Support Questions
Find answers, ask questions, and share your expertise

Apache PIG - Join all the files from a specific directory

Highlighted

Apache PIG - Join all the files from a specific directory

Explorer

Hi experts, I've multiples files (parquet files) in a directory of the HDFS and I want to join all the files into one file using Apache PIG. I don't know how many files I will have into this directory so I can't declare a variable for each file.
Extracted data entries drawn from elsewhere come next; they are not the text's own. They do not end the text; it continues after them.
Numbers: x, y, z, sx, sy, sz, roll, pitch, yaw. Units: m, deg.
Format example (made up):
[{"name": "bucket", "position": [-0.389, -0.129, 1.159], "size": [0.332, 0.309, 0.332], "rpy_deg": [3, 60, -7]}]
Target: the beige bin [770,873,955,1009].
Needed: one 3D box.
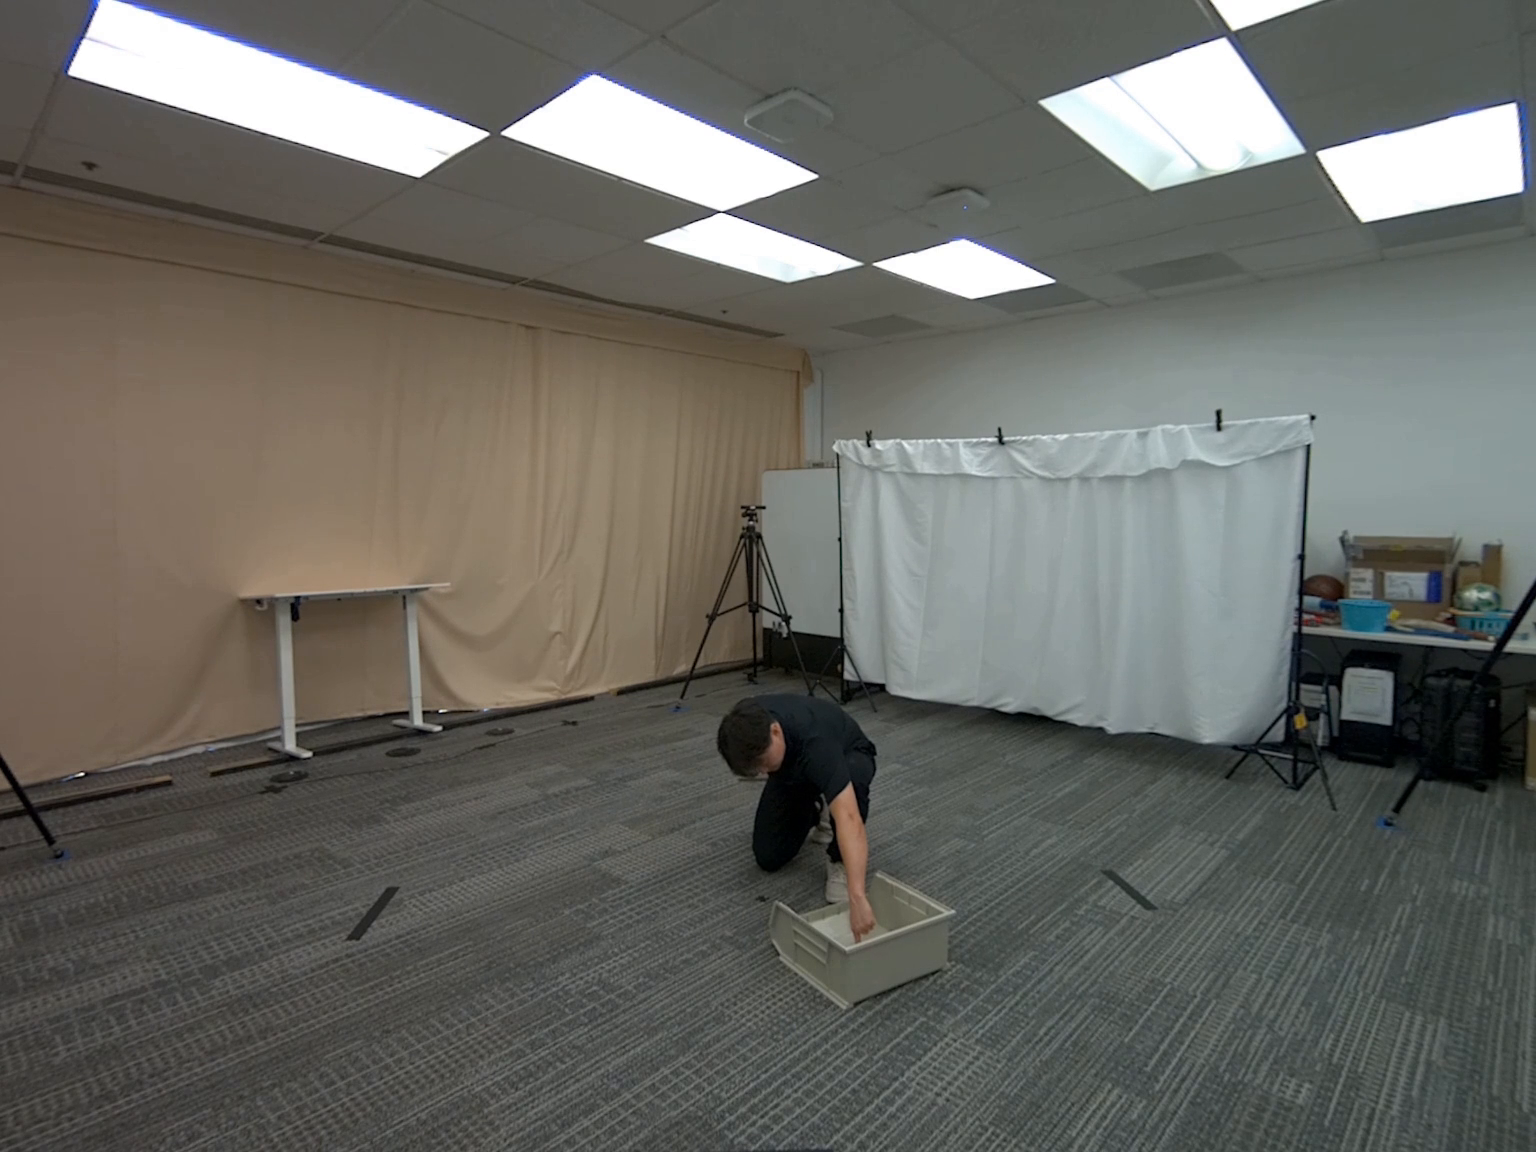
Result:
[{"name": "beige bin", "position": [0.280, 1.081, 2.574], "size": [0.410, 0.188, 0.389], "rpy_deg": [-2, 5, -33]}]

There is a way to identify all the files in the same directory and with the same schema?

Thanks!

Regards!!!

2 REPLIES 2
Highlighted

Re: Apache PIG - Join all the files from a specific directory

Just use the directory name in your LOAD statement.

Re: Apache PIG - Join all the files from a specific directory

Guru

For unioning all files in one directory -- same answer as @Lester Martin.
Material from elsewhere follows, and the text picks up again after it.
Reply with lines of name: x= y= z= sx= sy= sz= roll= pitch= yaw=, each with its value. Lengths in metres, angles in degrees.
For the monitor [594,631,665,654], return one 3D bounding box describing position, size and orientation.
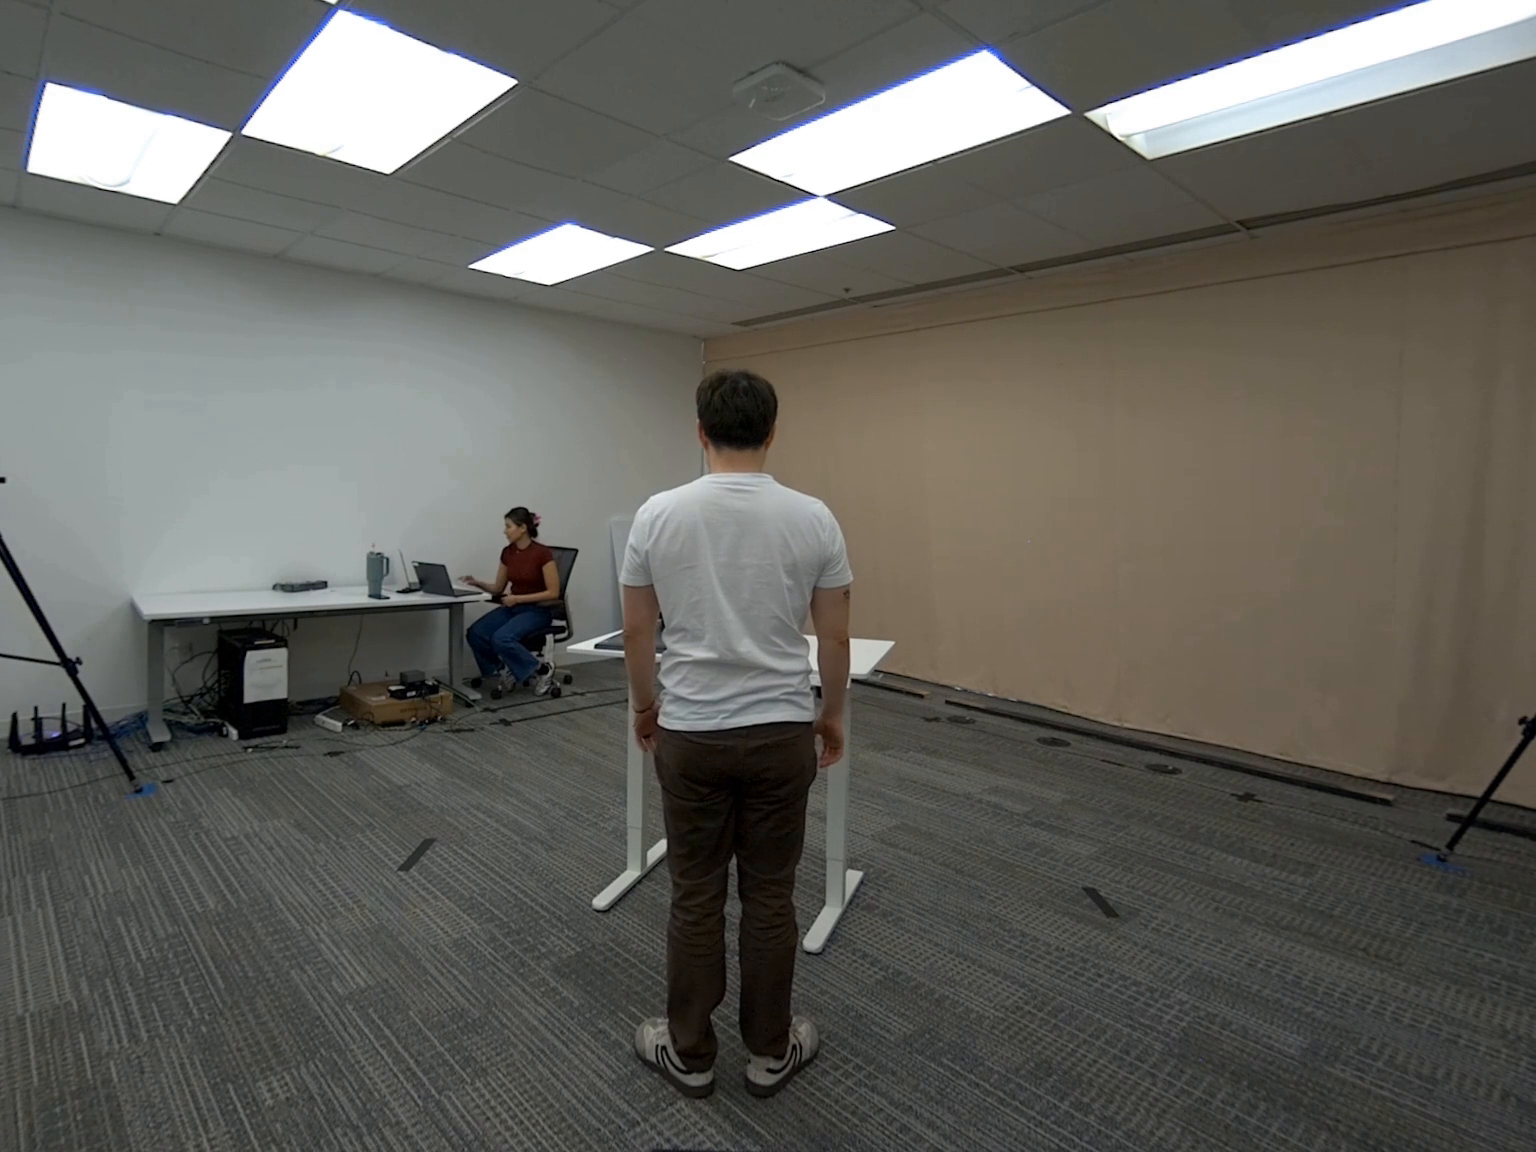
monitor: x=-0.273 y=0.172 z=2.962 sx=0.527 sy=0.187 sz=0.533 roll=-17 pitch=-1 yaw=15

You can use globs (wildcard characters) in your LOAD path to pull a subset of files from a directory, based on the filename pattern. See http://chimera.labs.oreilly.com/books/1234000001811/ch05.html#pl_load.

For example you could LOAD the path

'parentDir/myFile_*' 

to load only files beginning with the name myFile_.

You suggested in your final sentence that files in same directory may have different schema. If this is the case and files with the same schema have similar names, you can use the globs in your filenames as shown above to pull only same-schema files from the directory.